Emerson was born in Bethesda, Maryland and she graduated from Ohio Wesleyan University. She married then-lobbyist and future congressman Bill Emerson in 1975. Bill was elected to Congress in 1980 and he died of cancer on June 22, 1996. Jo Ann decided to run for the House of Representatives after Bill's death, but Missouri state law prohibited her from filing to run in the Republican primary. In November, Emerson ran in two elections on the same day. She ran as an independent against Democrat Emily Firebaugh and Republican Richard Kline in the general election and as a Republican against Firebaugh in the special election to finish the last two months of her late husband's term. She won both elections easily, and she has been reelected four times without serious difficulty.
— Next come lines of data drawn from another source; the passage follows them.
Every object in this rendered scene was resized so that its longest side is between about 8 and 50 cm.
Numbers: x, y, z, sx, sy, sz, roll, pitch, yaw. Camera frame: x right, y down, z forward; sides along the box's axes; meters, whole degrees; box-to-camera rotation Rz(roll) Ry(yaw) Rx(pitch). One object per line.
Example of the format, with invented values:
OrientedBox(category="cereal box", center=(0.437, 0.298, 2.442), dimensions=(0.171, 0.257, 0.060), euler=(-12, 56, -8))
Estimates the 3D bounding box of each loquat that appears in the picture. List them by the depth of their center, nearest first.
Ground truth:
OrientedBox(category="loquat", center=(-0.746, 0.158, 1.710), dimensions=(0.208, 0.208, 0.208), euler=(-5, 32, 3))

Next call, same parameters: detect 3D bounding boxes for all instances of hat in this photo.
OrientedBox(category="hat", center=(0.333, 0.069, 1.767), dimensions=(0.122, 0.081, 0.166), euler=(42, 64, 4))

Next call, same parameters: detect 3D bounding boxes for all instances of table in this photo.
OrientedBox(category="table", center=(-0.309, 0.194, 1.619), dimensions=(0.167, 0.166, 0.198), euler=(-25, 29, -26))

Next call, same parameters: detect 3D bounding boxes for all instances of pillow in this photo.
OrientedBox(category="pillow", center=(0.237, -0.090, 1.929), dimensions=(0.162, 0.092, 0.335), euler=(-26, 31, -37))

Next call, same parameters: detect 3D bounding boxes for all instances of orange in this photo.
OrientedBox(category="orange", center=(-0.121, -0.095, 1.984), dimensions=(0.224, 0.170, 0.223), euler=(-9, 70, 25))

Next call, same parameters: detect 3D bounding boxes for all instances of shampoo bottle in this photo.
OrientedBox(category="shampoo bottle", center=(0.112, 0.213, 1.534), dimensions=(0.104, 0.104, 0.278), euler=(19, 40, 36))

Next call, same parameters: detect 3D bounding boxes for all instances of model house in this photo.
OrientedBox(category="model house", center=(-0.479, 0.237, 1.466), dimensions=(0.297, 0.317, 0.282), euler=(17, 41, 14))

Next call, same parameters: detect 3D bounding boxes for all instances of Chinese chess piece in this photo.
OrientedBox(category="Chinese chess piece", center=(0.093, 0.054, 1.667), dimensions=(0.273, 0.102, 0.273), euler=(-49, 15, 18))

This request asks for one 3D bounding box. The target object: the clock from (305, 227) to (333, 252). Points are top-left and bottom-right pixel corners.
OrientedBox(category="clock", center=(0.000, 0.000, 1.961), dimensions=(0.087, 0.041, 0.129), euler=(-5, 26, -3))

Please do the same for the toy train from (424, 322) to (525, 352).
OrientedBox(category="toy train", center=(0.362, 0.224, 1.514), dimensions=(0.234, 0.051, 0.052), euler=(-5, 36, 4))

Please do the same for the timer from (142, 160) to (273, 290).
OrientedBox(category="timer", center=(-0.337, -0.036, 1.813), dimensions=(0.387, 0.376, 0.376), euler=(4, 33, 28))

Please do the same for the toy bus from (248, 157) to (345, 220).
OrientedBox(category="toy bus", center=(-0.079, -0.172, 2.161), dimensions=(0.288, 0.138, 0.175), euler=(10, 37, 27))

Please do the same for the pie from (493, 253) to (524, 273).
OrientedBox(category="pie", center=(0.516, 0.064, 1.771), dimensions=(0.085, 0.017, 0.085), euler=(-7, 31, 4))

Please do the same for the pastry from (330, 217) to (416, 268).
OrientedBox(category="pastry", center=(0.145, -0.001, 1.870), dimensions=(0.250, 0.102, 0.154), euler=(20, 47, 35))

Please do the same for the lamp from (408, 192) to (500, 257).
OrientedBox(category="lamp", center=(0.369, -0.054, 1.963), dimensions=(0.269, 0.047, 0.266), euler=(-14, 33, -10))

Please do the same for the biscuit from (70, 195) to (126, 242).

In 2002, Emerson rejected calls for her to run for US Senate against fellow politican and widow Jean Carnahan.

On May 24, 2005, Emerson was one of 50 Republicans to vote in favor of overturning President Bush's ban on federal funding for stem cell research. She cast her Yea vote the day after her mother-in-law passed away from Alzheimer's Disease, one of the illnesses scientists believed they can create better treatments for from stem cell researching.

The Bill Emerson Memorial Bridge which crosses the Mississippi River at Cape Girardeau is named after her late husband.

Recent controversy has surrounded a letter (dated February 15, 2006) sent to a consituent, Mr. Bill Jones, in response to an inquiry about oil executives. An unknown individual slipped in the sentence "i think you're an [expletive]." Congresswoman Emerson denied any knowledge of this odd addition to the letter.